Antiseizure pill offers hope for people with alcohol use disorder

The antiseizure medication topiramate appears to reduce heavy drinking in individuals with alcohol use disorder (AUD) by attenuating alcohol cue-elicited brain activation and craving, as shown in a recent study.

A gamma-aminobutyric acid (GABA)/glutamate modulator, topiramate exerts multiple pharmacologic effects that inhibit neuronal activity. The drug is believed to help with alcohol dependence by inhibiting alcohol-induced dopamine release in the reward-related mesolimbic dopamine pathways. This can happen as a result of GABA neurotransmission enhancement and/or glutamatergic neurotransmission blockage, according to the investigators. [Int J Neuropsychopharmacol 2014;17:1541-1544; Curr Opin Psychiatry 2019;32:255-265]

“This suppression of alcohol-induced dopamine release could decrease the reinforcing effects of alcohol. Over time, repeated reductions in alcohol-induced reinforcement may devalue the rewarding properties of alcohol cues and attenuate the motivation (ie, craving) to consume alcohol,” they explained. [Lancet 2003;361:1677-1685]

In the study, the investigators looked at the functional magnetic resonance imaging (fMRI) data of 22 adult AUD patients with heavy alcohol consumption; 12 had been randomized to receive topiramate (maximal daily dosage of 200 mg/day) and the remaining eight to receive placebo for 6 weeks. These patients had sought treatment voluntarily to either quit drinking or reduce their consumption to safe levels (<3 standard drinks per day and 12 drinks per week for men; <2 drinks per day and 8 drinks per week for women).

Results of the fMRI alcohol cue-reactivity tasks showed that at treatment conclusion, topiramate led to a marked reduction in alcohol cue-elicited activation of the left ventral striatum (VS), bilateral orbitofrontal cortex (OFC), and medial OFC, alcohol cue-elicited craving, and heavy drinking days compared with placebo. [Neuropsychopharmacology 2021;46:1414-1420]

Interestingly, the reduction in alcohol cue-elicited activation in the medial OFC translated to decreased craving, whereas the diminished activation observed in the right VS, right OFC, and medial OFC correlated with a drop in heavy drinking days.

“Because our data are correlational, it is not possible to determine whether the attenuation of brain responses to alcohol cues in the VS and OFC is a cause or effect of the changes in heavy drinking,” the investigators noted.

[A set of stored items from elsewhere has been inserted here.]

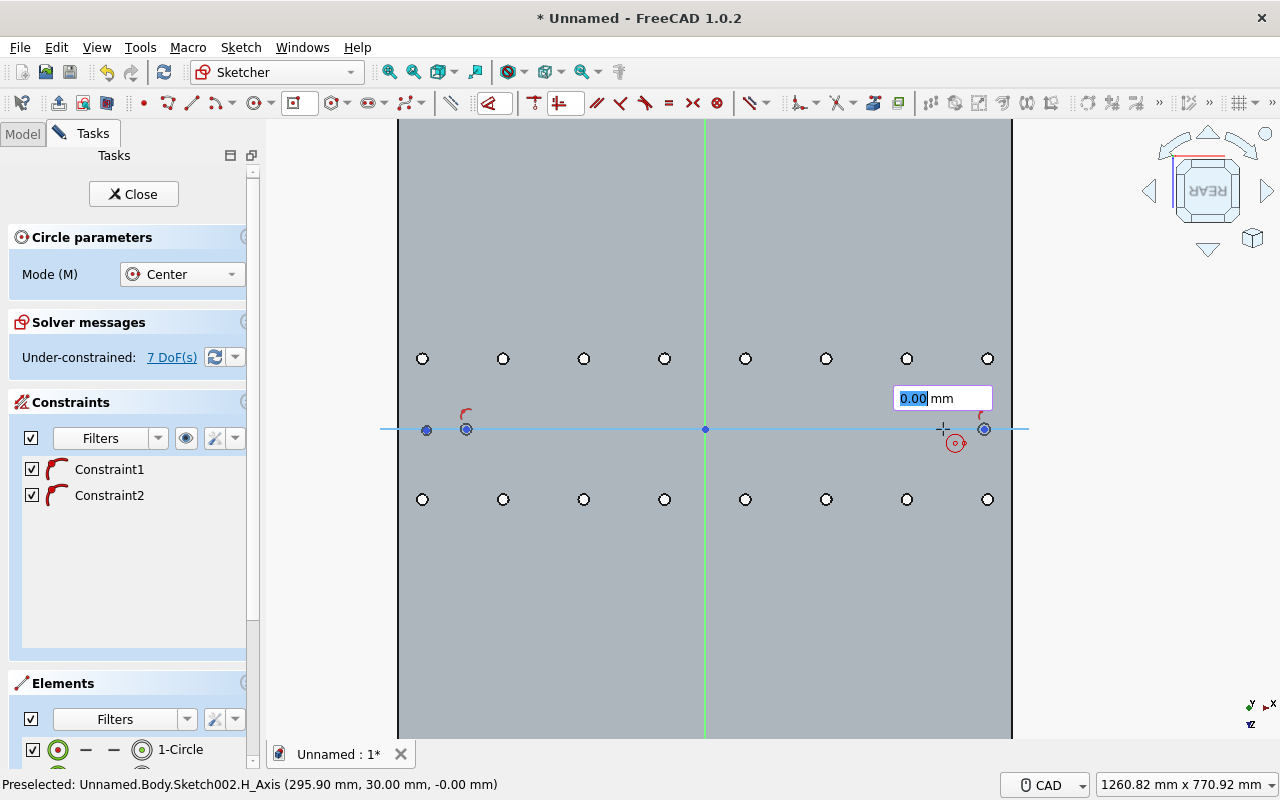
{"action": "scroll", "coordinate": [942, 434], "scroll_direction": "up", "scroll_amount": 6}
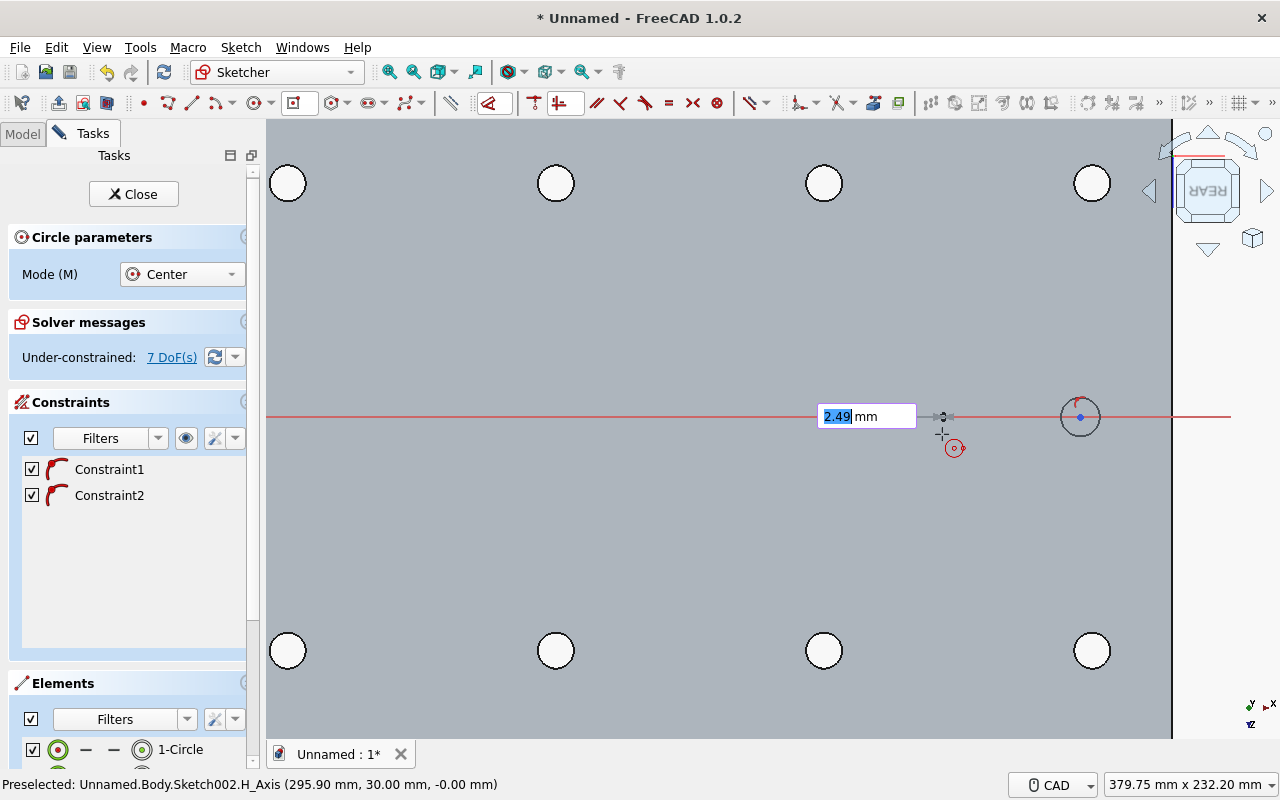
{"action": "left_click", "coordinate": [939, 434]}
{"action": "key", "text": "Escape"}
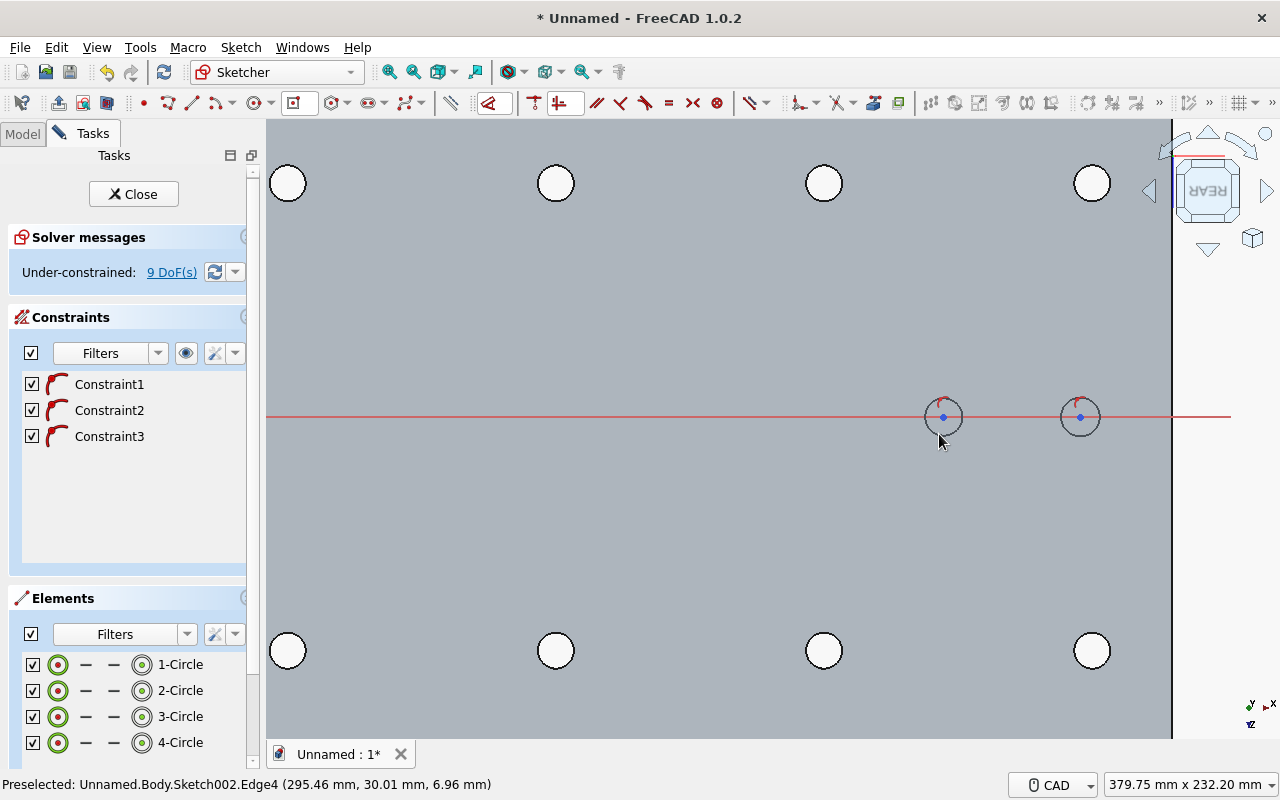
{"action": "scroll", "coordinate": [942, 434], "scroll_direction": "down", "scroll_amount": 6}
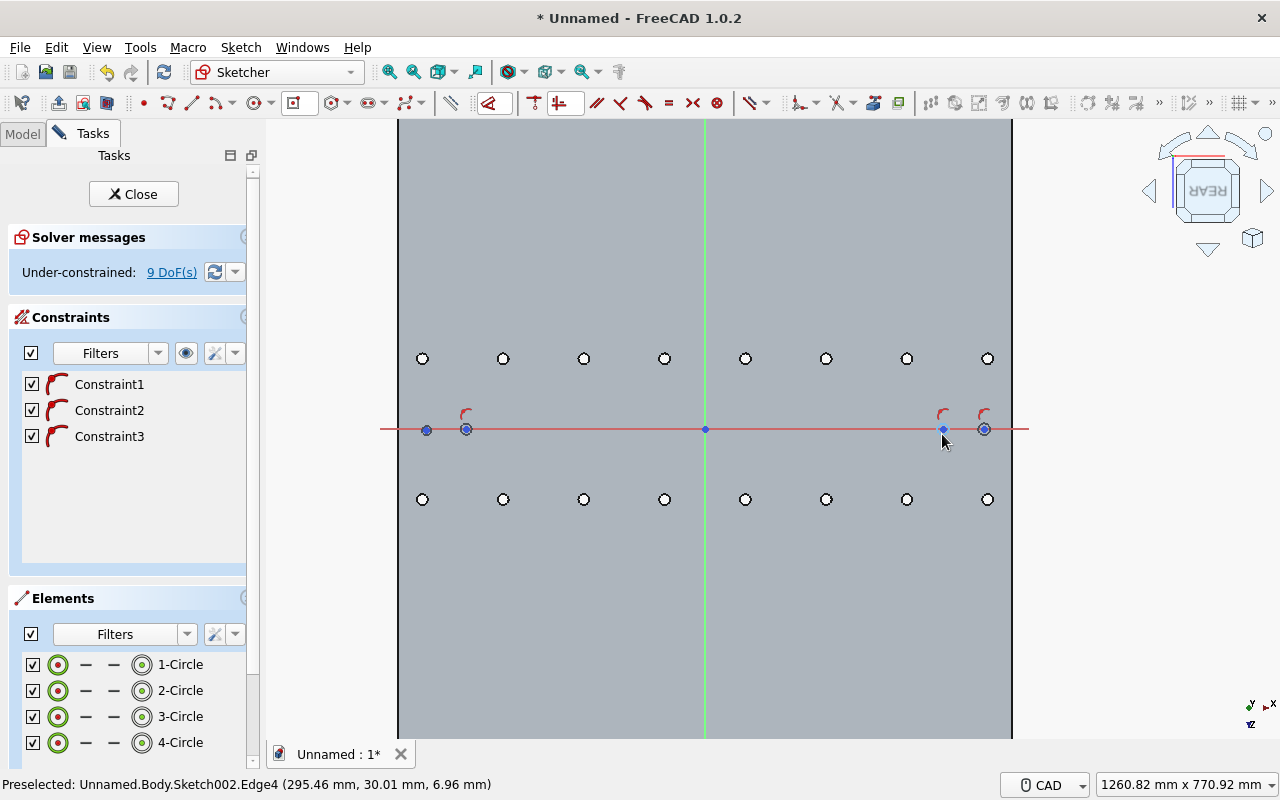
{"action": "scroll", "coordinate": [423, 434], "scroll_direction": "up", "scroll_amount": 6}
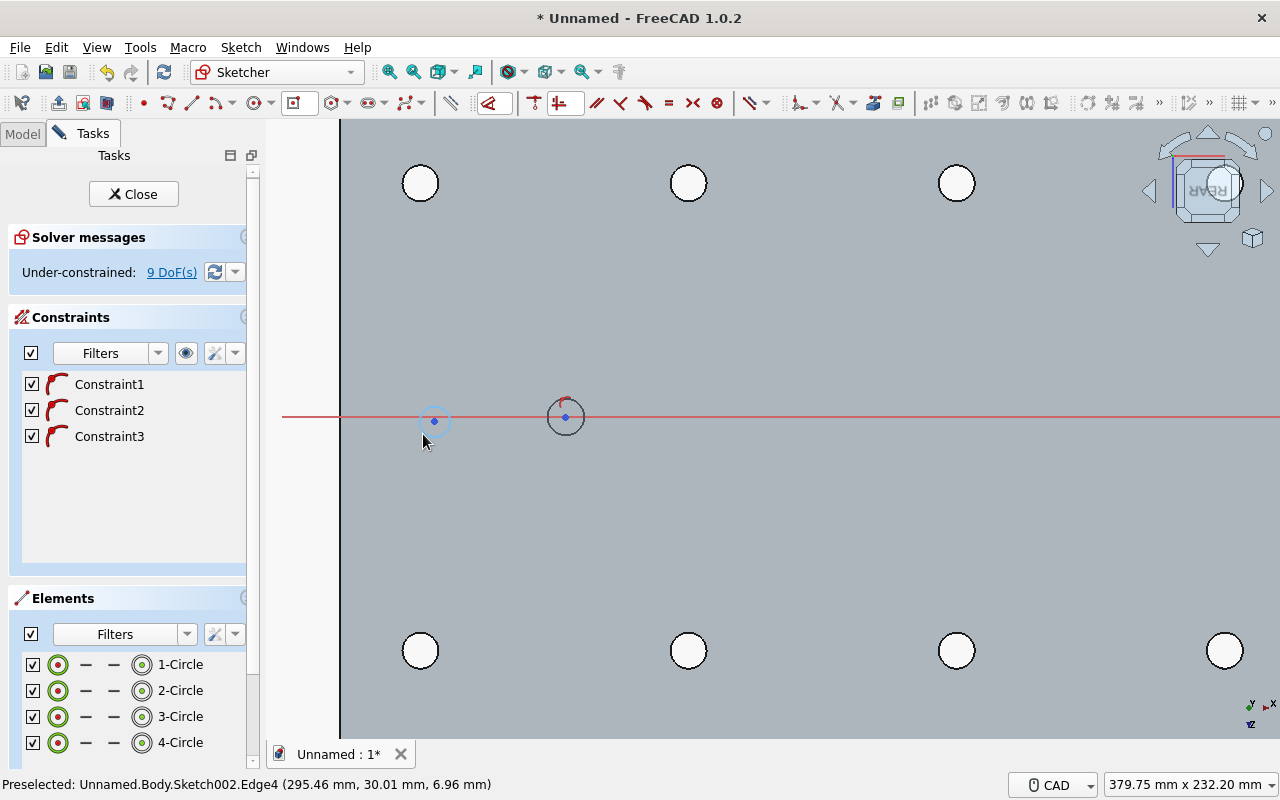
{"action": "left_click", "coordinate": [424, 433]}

“However, posthoc analyses examining whether changes in heavy drinking days were associated with changes in global resting cerebral blood flow from baseline to scan 2 showed no correlation (p=0.18). Although replication of these findings is needed, it is possible that topiramate reduces heavy drinking by reducing the value of alcohol cues and alcohol reward,” they added.

Even with the small sample size and the inability to correct for multiple regions of interests, the study was able to perform a baseline scan. This scan ensured that the medication groups did not have pre-existing differences in alcohol cue reactivity and cerebral blood flow.

“Topiramate has a long titration period, and consequently, patients were scanned after about 6 weeks of dosing, including a full week at maximum dosage. Although this approach allowed for a more accurate assessment of topiramate’s effects, the long interval between scans led to patient attrition,” they said.